弱まりゆく鼓動を感じながら、空を見上げると。
−…嗚呼、憎らしい程に
綺麗で、残酷な光を放つ満月が浮かんでいる。
それから視線をそらしながら、小さく笑った。
【今】の私の終わりは近い。
けれど、私はそれに恐怖感を微塵も感じていなくて。
ただ、【今】の私に終焉を与えた彼を想った。
「…どうして…っ」
そう言って、私の為に泣いてくれた優しい貴方を、きっと【次】の私も忘れない。
幾度輪廻を廻ろうとも、忘れない。
『…嗚呼、また私は月(おまえ)にみとられるのか…』
死に逝く私を嘲笑うかのように、綺麗な月光が私を照らす。
自嘲の笑みを浮かべた私に、また彼は語りかけてきた。
〈…嗚呼、お前はまた死を享受するのだな。〉
−…随分おかしな事を言うのだな。
私にとって、死は安らぎでしかないというのに
〈哀れな。大切なものを見付けていながらも。
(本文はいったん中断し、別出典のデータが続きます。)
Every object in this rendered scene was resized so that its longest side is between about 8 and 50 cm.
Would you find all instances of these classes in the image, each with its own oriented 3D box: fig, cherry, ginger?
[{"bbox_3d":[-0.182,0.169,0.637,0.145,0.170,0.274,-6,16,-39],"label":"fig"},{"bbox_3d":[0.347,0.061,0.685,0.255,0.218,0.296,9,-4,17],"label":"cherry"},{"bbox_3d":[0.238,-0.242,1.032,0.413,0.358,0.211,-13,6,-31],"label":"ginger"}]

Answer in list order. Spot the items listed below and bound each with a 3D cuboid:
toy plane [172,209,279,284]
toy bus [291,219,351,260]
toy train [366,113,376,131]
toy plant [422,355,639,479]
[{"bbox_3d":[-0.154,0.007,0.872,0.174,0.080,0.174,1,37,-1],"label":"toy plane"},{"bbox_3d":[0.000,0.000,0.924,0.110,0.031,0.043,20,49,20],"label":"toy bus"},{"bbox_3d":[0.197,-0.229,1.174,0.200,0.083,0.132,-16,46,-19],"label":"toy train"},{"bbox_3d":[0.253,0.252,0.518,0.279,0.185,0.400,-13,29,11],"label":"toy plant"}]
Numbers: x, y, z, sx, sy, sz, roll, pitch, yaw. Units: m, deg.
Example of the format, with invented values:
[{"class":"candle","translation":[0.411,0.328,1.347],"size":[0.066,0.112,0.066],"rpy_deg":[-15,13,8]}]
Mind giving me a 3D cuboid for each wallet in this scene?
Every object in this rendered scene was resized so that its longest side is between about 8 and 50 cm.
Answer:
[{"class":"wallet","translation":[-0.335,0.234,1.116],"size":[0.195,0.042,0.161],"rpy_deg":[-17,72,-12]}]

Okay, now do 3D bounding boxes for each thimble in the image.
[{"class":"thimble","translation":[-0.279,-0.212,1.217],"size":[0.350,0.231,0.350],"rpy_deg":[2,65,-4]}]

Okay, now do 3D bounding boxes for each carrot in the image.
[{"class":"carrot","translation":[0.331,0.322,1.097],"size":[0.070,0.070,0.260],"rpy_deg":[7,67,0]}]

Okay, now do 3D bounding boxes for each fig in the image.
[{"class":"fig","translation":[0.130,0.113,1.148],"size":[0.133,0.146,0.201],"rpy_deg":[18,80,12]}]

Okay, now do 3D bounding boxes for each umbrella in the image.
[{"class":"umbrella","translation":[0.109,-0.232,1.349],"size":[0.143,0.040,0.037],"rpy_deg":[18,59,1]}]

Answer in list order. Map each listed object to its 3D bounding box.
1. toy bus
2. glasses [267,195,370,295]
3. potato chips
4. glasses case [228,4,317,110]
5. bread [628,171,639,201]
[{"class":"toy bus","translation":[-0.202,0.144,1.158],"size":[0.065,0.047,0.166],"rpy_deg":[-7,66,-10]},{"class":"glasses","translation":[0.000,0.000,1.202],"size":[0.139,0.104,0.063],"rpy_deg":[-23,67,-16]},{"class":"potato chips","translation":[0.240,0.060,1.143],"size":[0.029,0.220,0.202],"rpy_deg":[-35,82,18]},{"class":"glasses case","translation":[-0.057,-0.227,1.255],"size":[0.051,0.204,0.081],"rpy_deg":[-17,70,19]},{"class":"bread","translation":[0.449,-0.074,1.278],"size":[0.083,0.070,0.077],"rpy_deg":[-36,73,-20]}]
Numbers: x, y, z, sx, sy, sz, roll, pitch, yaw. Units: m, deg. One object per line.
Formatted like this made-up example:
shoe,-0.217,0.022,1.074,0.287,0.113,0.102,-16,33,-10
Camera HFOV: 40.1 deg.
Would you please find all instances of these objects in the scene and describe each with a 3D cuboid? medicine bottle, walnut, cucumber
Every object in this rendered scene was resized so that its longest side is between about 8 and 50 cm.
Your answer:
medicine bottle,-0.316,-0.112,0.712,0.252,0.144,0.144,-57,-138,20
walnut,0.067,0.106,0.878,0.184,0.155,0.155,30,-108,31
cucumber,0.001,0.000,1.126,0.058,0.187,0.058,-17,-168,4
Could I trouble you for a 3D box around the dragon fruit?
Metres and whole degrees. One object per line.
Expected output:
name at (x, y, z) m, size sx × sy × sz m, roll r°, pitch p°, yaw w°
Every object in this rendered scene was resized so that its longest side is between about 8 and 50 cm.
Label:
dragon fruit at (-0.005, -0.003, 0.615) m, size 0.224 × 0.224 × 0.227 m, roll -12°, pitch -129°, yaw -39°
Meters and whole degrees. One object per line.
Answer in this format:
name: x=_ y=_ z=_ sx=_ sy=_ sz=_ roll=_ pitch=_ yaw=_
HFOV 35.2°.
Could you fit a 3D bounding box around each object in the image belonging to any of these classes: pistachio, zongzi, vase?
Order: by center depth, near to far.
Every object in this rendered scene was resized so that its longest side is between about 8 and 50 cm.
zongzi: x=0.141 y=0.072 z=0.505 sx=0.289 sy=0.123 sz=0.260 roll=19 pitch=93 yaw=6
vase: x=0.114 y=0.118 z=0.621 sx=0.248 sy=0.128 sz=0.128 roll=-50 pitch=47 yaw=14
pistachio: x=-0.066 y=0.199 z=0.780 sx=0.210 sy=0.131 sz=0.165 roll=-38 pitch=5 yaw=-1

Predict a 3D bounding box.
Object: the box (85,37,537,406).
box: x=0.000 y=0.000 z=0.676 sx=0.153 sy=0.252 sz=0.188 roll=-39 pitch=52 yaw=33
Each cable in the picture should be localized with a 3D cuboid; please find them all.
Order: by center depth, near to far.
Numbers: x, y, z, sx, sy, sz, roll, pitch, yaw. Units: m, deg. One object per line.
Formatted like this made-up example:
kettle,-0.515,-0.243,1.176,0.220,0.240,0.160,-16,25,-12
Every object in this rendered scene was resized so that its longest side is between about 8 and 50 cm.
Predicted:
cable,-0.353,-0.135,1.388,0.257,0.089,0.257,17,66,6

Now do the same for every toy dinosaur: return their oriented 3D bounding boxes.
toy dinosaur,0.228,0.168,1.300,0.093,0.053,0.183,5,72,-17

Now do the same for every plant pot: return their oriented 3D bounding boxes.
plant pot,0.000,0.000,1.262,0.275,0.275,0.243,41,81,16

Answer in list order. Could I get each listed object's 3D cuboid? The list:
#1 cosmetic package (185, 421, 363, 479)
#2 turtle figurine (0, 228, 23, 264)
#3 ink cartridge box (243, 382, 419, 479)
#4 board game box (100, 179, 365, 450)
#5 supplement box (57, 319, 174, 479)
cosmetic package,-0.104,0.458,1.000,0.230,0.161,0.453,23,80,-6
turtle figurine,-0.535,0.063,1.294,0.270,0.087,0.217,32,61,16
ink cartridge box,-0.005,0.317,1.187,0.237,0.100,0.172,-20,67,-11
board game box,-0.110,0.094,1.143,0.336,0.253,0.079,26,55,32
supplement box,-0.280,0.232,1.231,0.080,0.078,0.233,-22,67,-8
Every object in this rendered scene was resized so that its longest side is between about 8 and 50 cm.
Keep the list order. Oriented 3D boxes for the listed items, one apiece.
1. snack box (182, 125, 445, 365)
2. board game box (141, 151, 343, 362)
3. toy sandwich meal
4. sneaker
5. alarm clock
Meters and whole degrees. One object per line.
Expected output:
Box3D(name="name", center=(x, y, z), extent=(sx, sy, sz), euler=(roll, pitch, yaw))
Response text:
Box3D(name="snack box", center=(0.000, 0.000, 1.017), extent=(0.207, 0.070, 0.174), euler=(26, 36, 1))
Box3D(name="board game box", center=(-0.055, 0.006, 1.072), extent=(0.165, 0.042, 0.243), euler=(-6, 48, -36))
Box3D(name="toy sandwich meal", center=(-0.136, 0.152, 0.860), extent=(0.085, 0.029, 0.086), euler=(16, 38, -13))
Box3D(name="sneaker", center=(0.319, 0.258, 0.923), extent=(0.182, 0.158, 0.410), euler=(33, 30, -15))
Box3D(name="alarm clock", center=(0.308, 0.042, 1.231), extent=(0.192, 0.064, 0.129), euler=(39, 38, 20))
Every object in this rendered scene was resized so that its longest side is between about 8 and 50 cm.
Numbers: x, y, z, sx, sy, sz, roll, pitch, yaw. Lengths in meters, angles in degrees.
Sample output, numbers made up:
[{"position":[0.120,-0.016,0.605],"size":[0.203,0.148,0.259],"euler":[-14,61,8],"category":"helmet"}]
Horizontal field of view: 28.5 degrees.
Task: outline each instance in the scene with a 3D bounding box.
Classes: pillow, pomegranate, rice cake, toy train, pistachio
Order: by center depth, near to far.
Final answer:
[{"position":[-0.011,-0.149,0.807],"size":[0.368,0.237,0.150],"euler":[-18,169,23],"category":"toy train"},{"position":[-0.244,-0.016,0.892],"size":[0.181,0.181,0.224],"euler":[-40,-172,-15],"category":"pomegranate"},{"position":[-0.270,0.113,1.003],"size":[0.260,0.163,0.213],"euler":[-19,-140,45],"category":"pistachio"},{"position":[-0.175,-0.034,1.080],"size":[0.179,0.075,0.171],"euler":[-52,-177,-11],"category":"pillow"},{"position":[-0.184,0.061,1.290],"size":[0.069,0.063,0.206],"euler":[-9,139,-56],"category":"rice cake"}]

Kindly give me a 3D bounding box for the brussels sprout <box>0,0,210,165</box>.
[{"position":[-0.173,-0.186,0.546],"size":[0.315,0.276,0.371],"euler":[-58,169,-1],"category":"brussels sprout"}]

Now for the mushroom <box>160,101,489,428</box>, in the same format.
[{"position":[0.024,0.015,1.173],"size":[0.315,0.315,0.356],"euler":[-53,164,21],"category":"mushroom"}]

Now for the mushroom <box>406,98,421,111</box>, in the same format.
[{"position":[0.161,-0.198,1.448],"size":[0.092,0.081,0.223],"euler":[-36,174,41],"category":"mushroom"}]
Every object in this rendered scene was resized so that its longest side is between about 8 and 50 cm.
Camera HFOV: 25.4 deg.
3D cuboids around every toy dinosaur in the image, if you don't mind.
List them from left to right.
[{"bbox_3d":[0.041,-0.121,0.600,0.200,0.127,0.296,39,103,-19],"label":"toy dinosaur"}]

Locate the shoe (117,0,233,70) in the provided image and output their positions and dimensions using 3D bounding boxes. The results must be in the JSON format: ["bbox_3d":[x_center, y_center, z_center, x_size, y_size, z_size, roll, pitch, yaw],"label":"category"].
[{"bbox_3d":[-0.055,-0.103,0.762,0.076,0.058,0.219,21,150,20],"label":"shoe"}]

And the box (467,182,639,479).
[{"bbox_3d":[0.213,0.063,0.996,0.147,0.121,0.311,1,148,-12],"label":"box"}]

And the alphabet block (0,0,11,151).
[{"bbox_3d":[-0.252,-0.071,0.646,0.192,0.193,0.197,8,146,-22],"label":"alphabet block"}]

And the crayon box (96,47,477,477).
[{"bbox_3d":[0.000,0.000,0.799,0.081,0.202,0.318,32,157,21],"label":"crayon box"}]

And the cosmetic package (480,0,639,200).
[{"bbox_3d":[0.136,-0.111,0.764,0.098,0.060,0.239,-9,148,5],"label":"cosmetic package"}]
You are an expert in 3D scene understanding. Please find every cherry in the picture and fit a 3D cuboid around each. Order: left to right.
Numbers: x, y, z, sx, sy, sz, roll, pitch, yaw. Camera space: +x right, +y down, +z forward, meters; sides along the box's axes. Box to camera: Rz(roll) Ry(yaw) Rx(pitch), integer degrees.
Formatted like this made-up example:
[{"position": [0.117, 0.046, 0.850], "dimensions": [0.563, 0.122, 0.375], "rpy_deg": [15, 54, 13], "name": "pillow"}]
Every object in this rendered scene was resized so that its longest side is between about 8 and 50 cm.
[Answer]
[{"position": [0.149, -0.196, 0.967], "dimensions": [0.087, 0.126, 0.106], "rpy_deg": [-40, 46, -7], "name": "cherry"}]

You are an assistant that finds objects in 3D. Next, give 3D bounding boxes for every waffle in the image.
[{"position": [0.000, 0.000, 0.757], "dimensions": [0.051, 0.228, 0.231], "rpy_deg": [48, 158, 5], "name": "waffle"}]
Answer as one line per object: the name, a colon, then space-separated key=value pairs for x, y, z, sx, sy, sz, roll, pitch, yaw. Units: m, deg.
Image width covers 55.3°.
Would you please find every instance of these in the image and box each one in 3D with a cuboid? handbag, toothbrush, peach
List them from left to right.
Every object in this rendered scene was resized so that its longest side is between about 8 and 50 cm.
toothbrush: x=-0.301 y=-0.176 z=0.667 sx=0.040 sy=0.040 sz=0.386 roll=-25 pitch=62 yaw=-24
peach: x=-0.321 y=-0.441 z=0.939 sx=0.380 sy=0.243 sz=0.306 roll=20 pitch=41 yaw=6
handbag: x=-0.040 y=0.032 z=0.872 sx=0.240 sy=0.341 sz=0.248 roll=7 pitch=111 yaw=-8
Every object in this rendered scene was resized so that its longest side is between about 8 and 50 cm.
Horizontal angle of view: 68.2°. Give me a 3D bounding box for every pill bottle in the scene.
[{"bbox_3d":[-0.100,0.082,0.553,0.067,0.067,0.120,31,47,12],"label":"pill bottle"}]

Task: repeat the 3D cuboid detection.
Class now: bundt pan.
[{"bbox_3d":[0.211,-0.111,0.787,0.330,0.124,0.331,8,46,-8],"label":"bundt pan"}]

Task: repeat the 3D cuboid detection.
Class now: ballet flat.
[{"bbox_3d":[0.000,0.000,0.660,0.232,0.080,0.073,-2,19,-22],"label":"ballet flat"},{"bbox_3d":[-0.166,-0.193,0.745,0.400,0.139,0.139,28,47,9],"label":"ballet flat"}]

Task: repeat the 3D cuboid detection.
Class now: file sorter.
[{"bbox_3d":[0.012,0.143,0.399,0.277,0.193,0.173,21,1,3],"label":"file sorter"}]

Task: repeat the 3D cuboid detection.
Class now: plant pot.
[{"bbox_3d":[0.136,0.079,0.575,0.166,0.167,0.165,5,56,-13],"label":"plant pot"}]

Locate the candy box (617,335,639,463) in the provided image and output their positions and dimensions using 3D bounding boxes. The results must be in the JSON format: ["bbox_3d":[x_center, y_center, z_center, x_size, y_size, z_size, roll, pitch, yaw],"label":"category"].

失う事を恐れられないなんて…〉
−…そうだな。
だから、おまえはまた、私を生かすのだろう…?
〈…そうだ。それが、お前にかけた古(いにしえ)の呪いなのだから…〉
『嗚呼、月よ…。おまえはまだ私を赦さぬのだな…』
私の言葉は、何も残す事なく、ただ残酷な月明かりのもと、やんわりと溶けていった。
それを隠すかのようにあたたかな光を放って、月は彼女を看取った。